Рано стемнело, поднялся ветер, моросил дождь, народу перед театром на Таганке было немного. Зрители, не задерживаясь на улице, через двойной тамбур, между дверями со стеклянными вставками, проходили внутрь. Билетерши, седенькие в синих форменных пиджаках и белых блузках, торопливо расправлялись с билетами, предлагали программки спектакля и буклеты с цветной обложкой о театральной жизни Москвы. Пол снял плащ и оставил его в гардеробе, за рубль взял бинокль. Остановился перед зеркалом в человеческий рост, зачесал назад редеющие с проседью волосы, поправил складки свитера. Борис пришел в коричневом шерстяном пиджаке, рубашке в черную клетку и потертых джинсах. Он ловил заинтересованные взгляды девушек и делал вид, что их не замечает, отводил взгляд.

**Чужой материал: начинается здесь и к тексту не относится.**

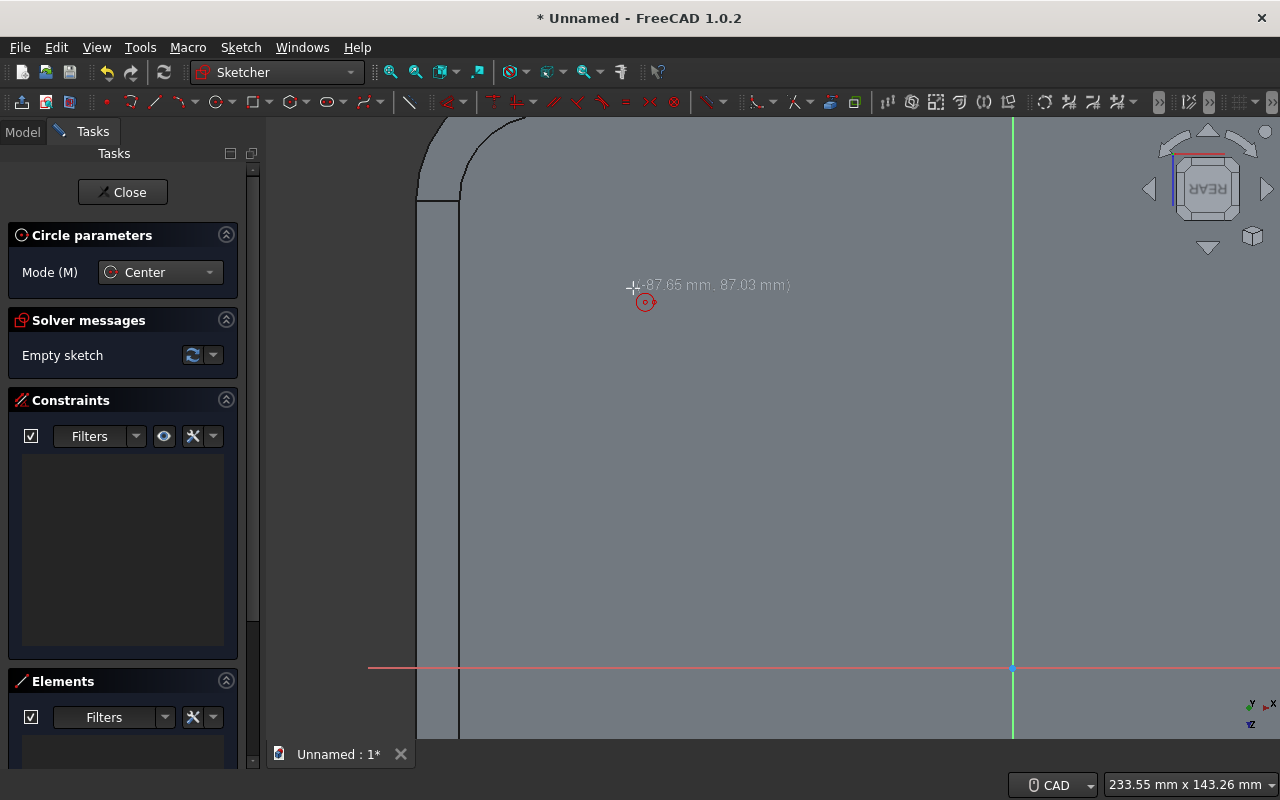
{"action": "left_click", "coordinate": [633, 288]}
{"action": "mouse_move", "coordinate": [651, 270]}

Из гардероба в фойе — лестница, несколько ступеней вниз. По старому начищенному паркету бродила публика, люди разглядывали фотографии актеров, висевшие на стенах. Пол остановился перед портретом Высоцкого, он на лучшем месте, — перед входом в зал. Открытое лицо с крупными чертами и короткой прямой челкой, открывающей лоб.

— Да, хотелось бы на него посмотреть в жизни, а не в кино, — вздохнул Пол. — Наверное, он такой здоровенный мужичина. Богатырского сложения. Уже был несколько раз на Таганке, — и все не везет…

— Ты только что его видел, и мимо прошел, — сказал Борис. — Пойдем.

Он пошел обратно к входу, где между двумя стеклянными дверями без устали трудились билетерши. Между старушками стоял человек невысокого роста, худой и сутулый с землистым лицом. Он был одет в джинсы и черный свитер, волосы давно не стриженые, засаленные. Он смотрел в лица людей, ожидая кого-то, переминался с ноги на ногу, встречался взглядами с мужчинами и женщинами, проходившими между дверей, но оставался никем неузнанным. Ему не хотелось стоять в этом тесном пространстве среди человеческого потока, но он не уходил. Пол недоверчиво хмыкнул и покачал головой. Высоцкий дождался двух девиц, сунул им пропуска, повел за собой в фойе, и дальше, лавируя между людьми, дошагал до двери в служебное помещение и, пропустив дам перед, пропал из вида.